In the last two decades, the remarkable rise of the business sustainability movement has driven these changes. Hawken’s book famously inspired Ray Anderson of Interface Carpets to become the first major CEO convert to building a "purpose-driven" firm. When Anderson died in 2011, the company was half-way to "Mission Zero" of no negative environmental impact. The daily stories featured on GreenBiz illustrate the business case for sustainability and the wealth of examples illustrating the path towards a profitable circular economy.

This year, in rating their top 100 CEO’s worldwide, the Harvard Business Review added an environmental, social and governance (ESG) component to help determine the ranking. In the Review’s accompanying interview with the leading three CEOs (all European), each said that social and environmental purpose was central to strategic thinking and core to competitive advantage. Maybe this is "purpose washing," but it is nevertheless a dramatic ideological departure from the recently dominant Milton Friedman dictum that the sole mission of business should be to maximize shareholder value.

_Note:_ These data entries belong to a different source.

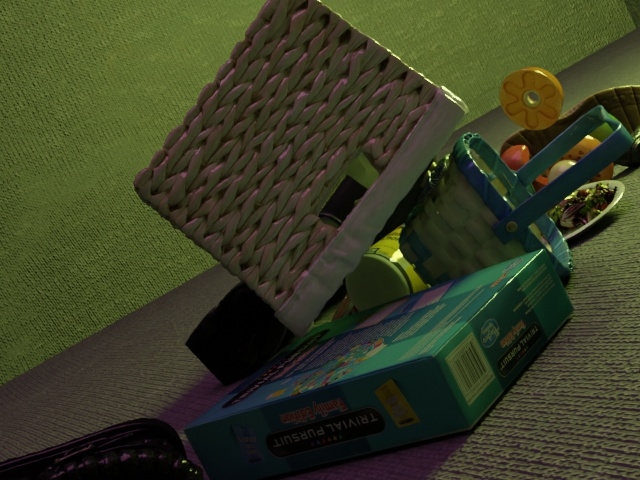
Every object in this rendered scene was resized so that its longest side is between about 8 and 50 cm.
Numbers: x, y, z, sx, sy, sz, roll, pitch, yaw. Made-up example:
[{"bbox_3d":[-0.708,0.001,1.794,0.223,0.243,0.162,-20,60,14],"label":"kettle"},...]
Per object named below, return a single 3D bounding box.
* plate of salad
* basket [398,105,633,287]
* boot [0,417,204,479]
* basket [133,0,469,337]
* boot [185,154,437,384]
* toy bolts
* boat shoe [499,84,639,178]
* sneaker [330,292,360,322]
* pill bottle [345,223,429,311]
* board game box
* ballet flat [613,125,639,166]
[{"bbox_3d":[0.315,-0.036,1.609,0.200,0.048,0.200,-29,11,6],"label":"plate of salad"},{"bbox_3d":[0.236,-0.049,1.408,0.289,0.201,0.255,-36,4,12],"label":"basket"},{"bbox_3d":[-0.280,0.287,1.185,0.348,0.131,0.260,-28,6,-7],"label":"boot"},{"bbox_3d":[-0.029,-0.093,1.461,0.328,0.266,0.331,-53,1,-2],"label":"basket"},{"bbox_3d":[-0.001,0.002,1.867,0.367,0.146,0.445,-60,-13,27],"label":"boot"},{"bbox_3d":[0.311,-0.121,1.803,0.158,0.218,0.228,-45,-1,-44],"label":"toy bolts"},{"bbox_3d":[0.442,-0.170,1.968,0.302,0.109,0.098,-21,-14,3],"label":"boat shoe"},{"bbox_3d":[0.062,0.102,1.695,0.118,0.067,0.042,-59,14,-7],"label":"sneaker"},{"bbox_3d":[0.124,0.033,1.660,0.103,0.103,0.184,-21,9,44],"label":"pill bottle"},{"bbox_3d":[0.060,0.135,1.226,0.336,0.079,0.254,-22,8,39],"label":"board game box"},{"bbox_3d":[0.506,-0.167,1.856,0.049,0.057,0.173,6,30,41],"label":"ballet flat"}]
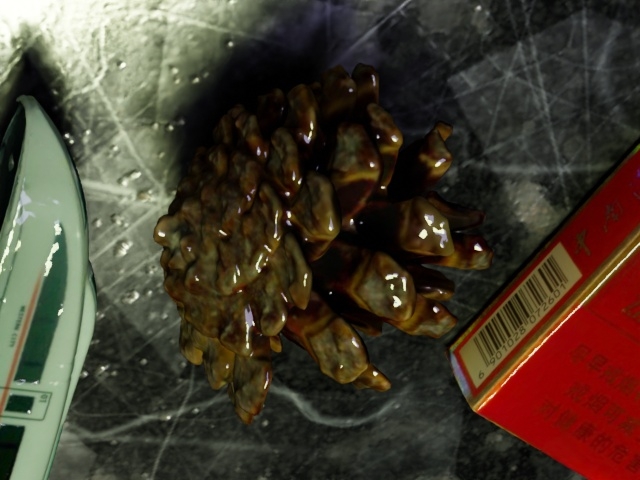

In very short order, every major global company and many smaller ones, as well as large non-profits such as universities and hospitals, have teams whose job it is to promote the circular economy. They are pursuing strategies consistent with Hawken’s vision of radical redesign along principles laid out by nature. At the same time, thousands of start-ups driven by social entrepreneurs are pioneering new business models focused specifically on solving social and environmental challenges. Are we there yet? No; this will be the work of a century. But we have made a lot of progress in a short time. 

Local business, strong community

There is also promise around Hawken’s third revitalization. Just prior to the election, a New York Times article argued that the "Walmart era is over." After rising for years, global trade volumes are flat. The article stated:

The automation of factory work is making it harder for other nations to follow [China]. Dani Rodrik, a Harvard economist, calculates that manufacturing employment in India and other developing nations has already peaked, a phenomenon he calls premature deindustrialization (PDF).

If the technology underlying robotics is undermining globalization, it is now also laying the foundation for a new wave of locally and regionally-based economic activity. IT-enabled production is a key factor helping to overcome the economies of scale and global wage differentials that drove the creation of global supply chains.

Consider community supported agriculture. Small farms have seen a resurgence as the web dramatically has lowered the cost to farmers of customer acquisition. Solar panels, wired into the increasingly smart grid, now support both local energy production and installation and maintenance jobs. Also, the gig and sharing economies are full of new independent contractors, precarious as those jobs may be.

The IT economy has its own immediate problems, including monopoly control over the platforms, reinforcing inequality in wealth and power. In terms of re-localizing production, it is allowing individuals to develop new forms of livelihood, even as the old ones have collapsed. The key will be to channel these opportunities into community revitalization with inclusive local health, education and welfare policies. The places that are making the most out of new economic opportunity are cities, small and large, where public engagement and private-public partnership are strong. These include progressive cities in conservative states, such as Nashville, Austin and Salt Lake City.

The IT revolution is also a double-edged sword for local economies, as the robotics innovation soon will displace not just manufacturing jobs in India but also health care workers and lawyers in the U.S. One of the fundamental challenges to community health will be the need to adapt to a continuous loss in jobs as the pace of labor-saving IT accelerates. This process again will require resilient communities, not simply a collection of lone-eagle, gig-economy workers.